Work request: Print a faithful copy of the data below, word for word, with the pictures left out.

┏━━

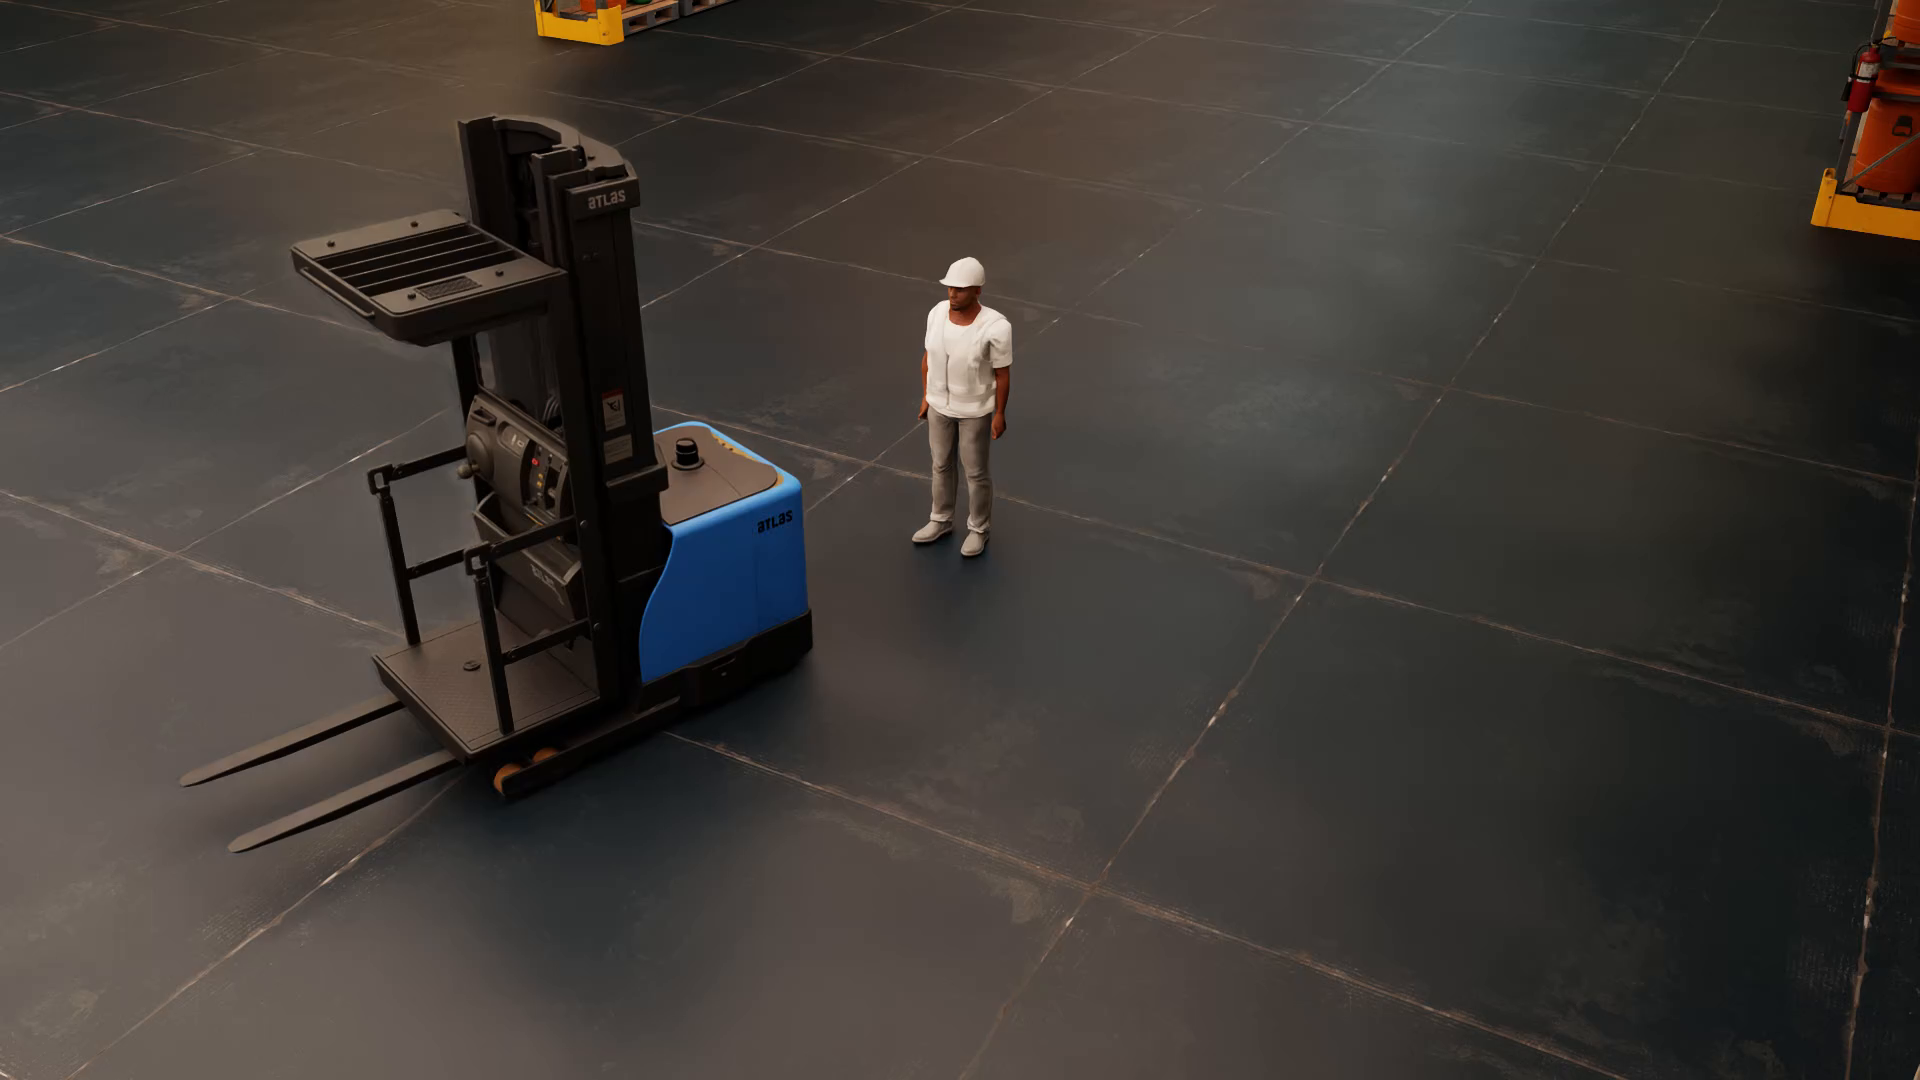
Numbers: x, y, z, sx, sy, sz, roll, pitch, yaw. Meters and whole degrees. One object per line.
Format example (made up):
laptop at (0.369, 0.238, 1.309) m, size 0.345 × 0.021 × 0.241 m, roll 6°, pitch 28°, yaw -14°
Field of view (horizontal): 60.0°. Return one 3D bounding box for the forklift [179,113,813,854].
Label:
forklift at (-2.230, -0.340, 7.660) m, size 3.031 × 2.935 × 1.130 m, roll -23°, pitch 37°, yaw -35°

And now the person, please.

┗━━

Completed exercise:
Numbers: x, y, z, sx, sy, sz, roll, pitch, yaw. Meters and whole degrees. One object per line.
Format example (made up):
laptop at (0.369, 0.238, 1.309) m, size 0.345 × 0.021 × 0.241 m, roll 6°, pitch 28°, yaw -14°
Field of view (horizontal): 60.0°. Return one 3D bounding box for the forklift [179,113,813,854].
Label:
forklift at (-2.230, -0.340, 7.660) m, size 3.031 × 2.935 × 1.130 m, roll -23°, pitch 37°, yaw -35°

And now the person, please.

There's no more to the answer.